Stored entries

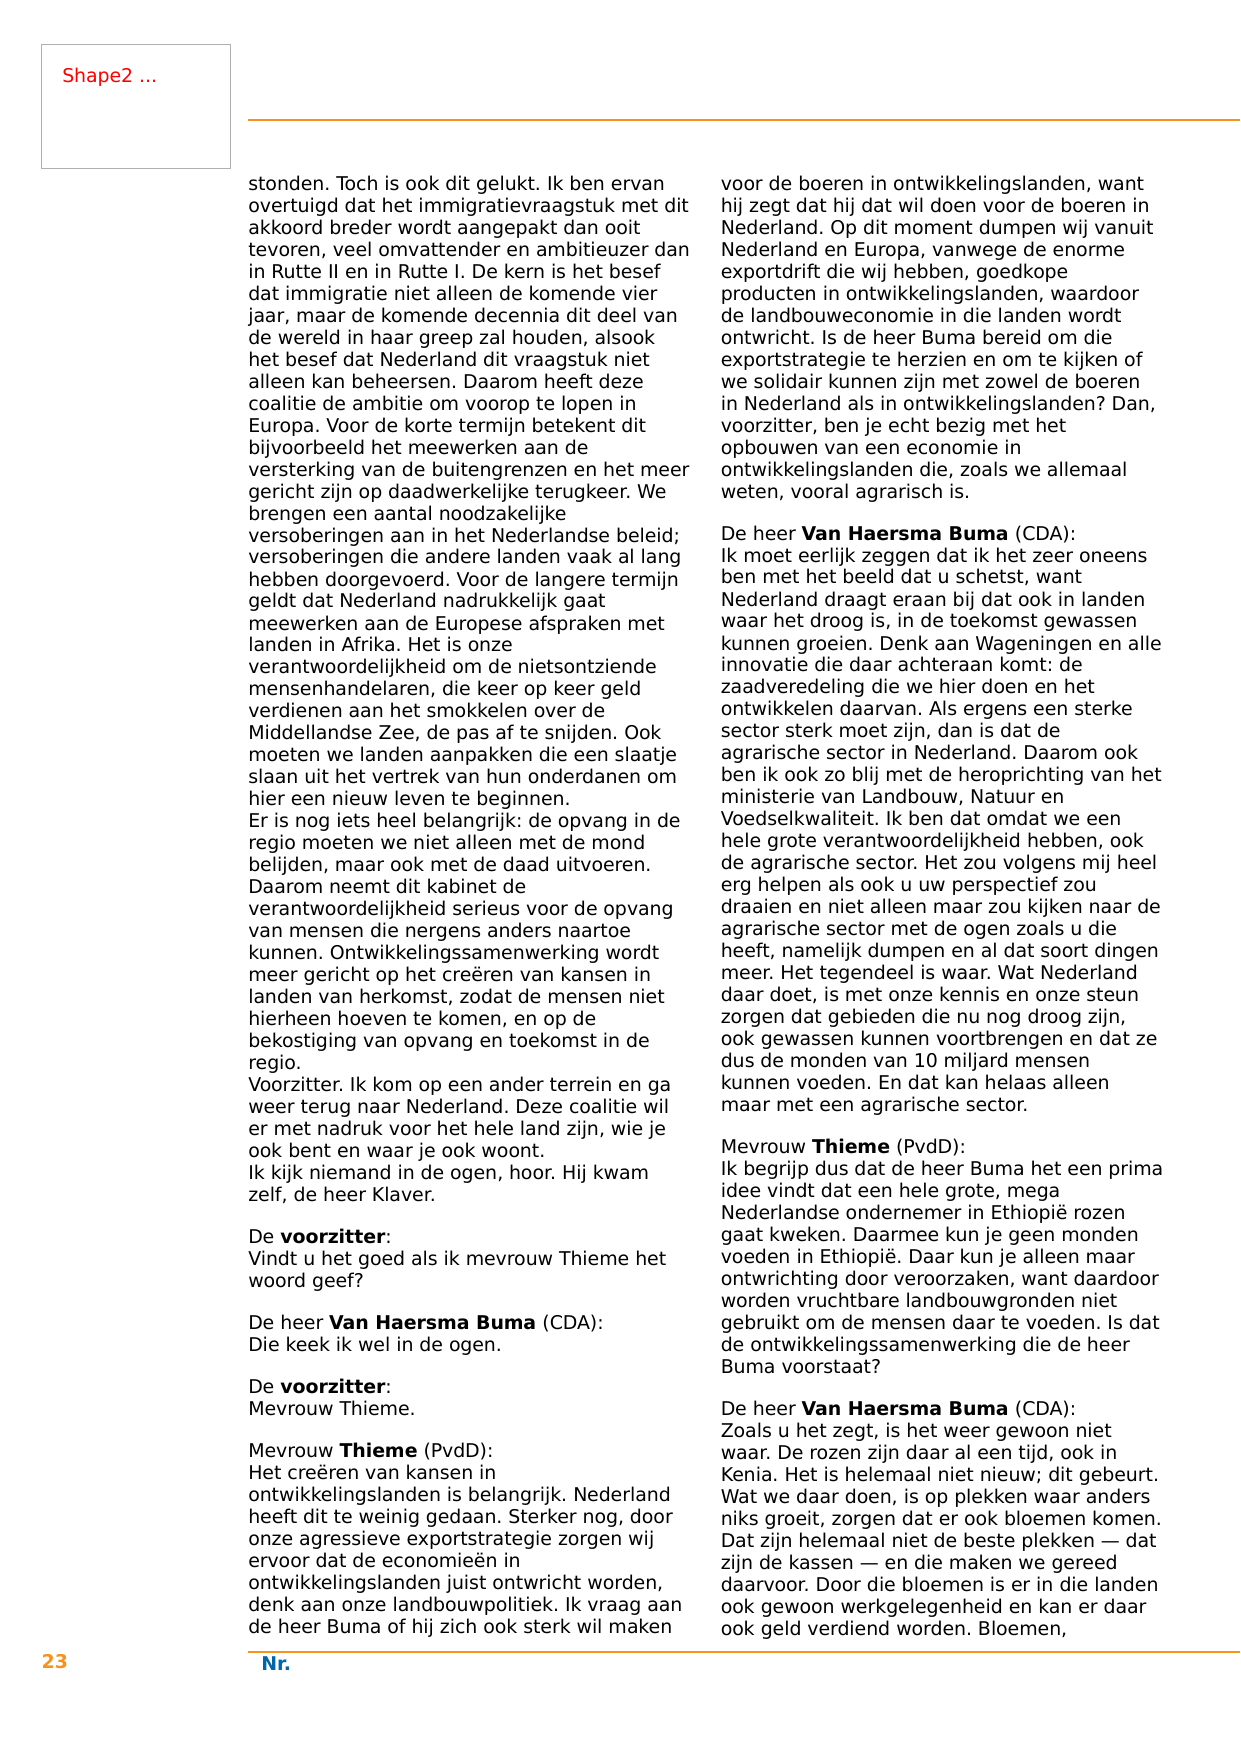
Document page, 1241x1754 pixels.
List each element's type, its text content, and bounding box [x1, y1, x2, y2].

text De heer Van Haersma Buma (CDA): [721, 522, 1163, 544]
text Vindt u het goed als ik mevrouw Thieme het woord geef? [248, 1248, 691, 1292]
text Het creëren van kansen in ontwikkelingslanden is belangrijk. Nederland heeft dit te weinig gedaan. Sterker nog, door onze agressieve exportstrategie zorgen wij ervoor dat de economieën in ontwikkelingslanden juist ontwricht worden, denk aan onze landbouwpolitiek. Ik vraag aan de heer Buma of hij zich ook sterk wil maken [248, 1462, 691, 1637]
text De voorzitter: [248, 1376, 691, 1398]
text Voorzitter. Ik kom op een ander terrein en ga weer terug naar Nederland. Deze coalitie wil er met nadruk voor het hele land zijn, wie je ook bent en waar je ook woont. [248, 1074, 691, 1162]
text voor de boeren in ontwikkelingslanden, want hij zegt dat hij dat wil doen voor de boeren in Nederland. Op dit moment dumpen wij vanuit Nederland en Europa, vanwege de enorme exportdrift die wij hebben, goedkope producten in ontwikkelingslanden, waardoor de landbouweconomie in die landen wordt ontwricht. Is de heer Buma bereid om die exportstrategie te herzien en om te kijken of we solidair kunnen zijn met zowel de boeren in Nederland als in ontwikkelingslanden? Dan, voorzitter, ben je echt bezig met het opbouwen van een economie in ontwikkelingslanden die, zoals we allemaal weten, vooral agrarisch is. [721, 173, 1163, 502]
text Mevrouw Thieme (PvdD): [248, 1440, 691, 1462]
text Mevrouw Thieme (PvdD): [721, 1136, 1163, 1158]
text Mevrouw Thieme. [248, 1398, 691, 1420]
text Er is nog iets heel belangrijk: de opvang in de regio moeten we niet alleen met de mond belijden, maar ook met de daad uitvoeren. Daarom neemt dit kabinet de verantwoordelijkheid serieus voor de opvang van mensen die nergens anders naartoe kunnen. Ontwikkelingssamenwerking wordt meer gericht op het creëren van kansen in landen van herkomst, zodat de mensen niet hierheen hoeven te komen, en op de bekostiging van opvang en toekomst in de regio. [248, 810, 691, 1074]
text Ik kijk niemand in de ogen, hoor. Hij kwam zelf, de heer Klaver. [248, 1162, 691, 1206]
text De voorzitter: [248, 1226, 691, 1248]
text Ik moet eerlijk zeggen dat ik het zeer oneens ben met het beeld dat u schetst, want Nederland draagt eraan bij dat ook in landen waar het droog is, in de toekomst gewassen kunnen groeien. Denk aan Wageningen en alle innovatie die daar achteraan komt: de zaadveredeling die we hier doen en het ontwikkelen daarvan. Als ergens een sterke sector sterk moet zijn, dan is dat de agrarische sector in Nederland. Daarom ook ben ik ook zo blij met de heroprichting van het ministerie van Landbouw, Natuur en Voedselkwaliteit. Ik ben dat omdat we een hele grote verantwoordelijkheid hebben, ook de agrarische sector. Het zou volgens mij heel erg helpen als ook u uw perspectief zou draaien en niet alleen maar zou kijken naar de agrarische sector met de ogen zoals u die heeft, namelijk dumpen en al dat soort dingen meer. Het tegendeel is waar. Wat Nederland daar doet, is met onze kennis en onze steun zorgen dat gebieden die nu nog droog zijn, ook gewassen kunnen voortbrengen en dat ze dus de monden van 10 miljard mensen kunnen voeden. En dat kan helaas alleen maar met een agrarische sector. [721, 544, 1163, 1116]
text Zoals u het zegt, is het weer gewoon niet waar. De rozen zijn daar al een tijd, ook in Kenia. Het is helemaal niet nieuw; dit gebeurt. Wat we daar doen, is op plekken waar anders niks groeit, zorgen dat er ook bloemen komen. Dat zijn helemaal niet de beste plekken — dat zijn de kassen — en die maken we gereed daarvoor. Door die bloemen is er in die landen ook gewoon werkgelegenheid en kan er daar ook geld verdiend worden. Bloemen, [721, 1420, 1163, 1639]
text De heer Van Haersma Buma (CDA): [721, 1398, 1163, 1420]
text Die keek ik wel in de ogen. [248, 1334, 691, 1356]
text stonden. Toch is ook dit gelukt. Ik ben ervan overtuigd dat het immigratievraagstuk met dit akkoord breder wordt aangepakt dan ooit tevoren, veel omvattender en ambitieuzer dan in Rutte II en in Rutte I. De kern is het besef dat immigratie niet alleen de komende vier jaar, maar de komende decennia dit deel van de wereld in haar greep zal houden, alsook het besef dat Nederland dit vraagstuk niet alleen kan beheersen. Daarom heeft deze coalitie de ambitie om voorop te lopen in Europa. Voor de korte termijn betekent dit bijvoorbeeld het meewerken aan de versterking van de buitengrenzen en het meer gericht zijn op daadwerkelijke terugkeer. We brengen een aantal noodzakelijke versoberingen aan in het Nederlandse beleid; versoberingen die andere landen vaak al lang hebben doorgevoerd. Voor de langere termijn geldt dat Nederland nadrukkelijk gaat meewerken aan de Europese afspraken met landen in Afrika. Het is onze verantwoordelijkheid om de nietsontziende mensenhandelaren, die keer op keer geld verdienen aan het smokkelen over de Middellandse Zee, de pas af te snijden. Ook moeten we landen aanpakken die een slaatje slaan uit het vertrek van hun onderdanen om hier een nieuw leven te beginnen. [248, 173, 691, 810]
text Ik begrijp dus dat de heer Buma het een prima idee vindt dat een hele grote, mega Nederlandse ondernemer in Ethiopië rozen gaat kweken. Daarmee kun je geen monden voeden in Ethiopië. Daar kun je alleen maar ontwrichting door veroorzaken, want daardoor worden vruchtbare landbouwgronden niet gebruikt om de mensen daar te voeden. Is dat de ontwikkelingssamenwerking die de heer Buma voorstaat? [721, 1158, 1163, 1378]
text De heer Van Haersma Buma (CDA): [248, 1312, 691, 1334]

> Assigned task:
Once the line containing "text De voorzitter: [248, 1376, 691, 1398]" has been located, transcribe exactly and only every line from the first line of the entries through it, excluding pictures.

> Expected answer:
Document page, 1241x1754 pixels.
List each element's type, its text content, and bounding box [x1, y1, x2, y2].

text De heer Van Haersma Buma (CDA): [721, 522, 1163, 544]
text Vindt u het goed als ik mevrouw Thieme het woord geef? [248, 1248, 691, 1292]
text Het creëren van kansen in ontwikkelingslanden is belangrijk. Nederland heeft dit te weinig gedaan. Sterker nog, door onze agressieve exportstrategie zorgen wij ervoor dat de economieën in ontwikkelingslanden juist ontwricht worden, denk aan onze landbouwpolitiek. Ik vraag aan de heer Buma of hij zich ook sterk wil maken [248, 1462, 691, 1637]
text De voorzitter: [248, 1376, 691, 1398]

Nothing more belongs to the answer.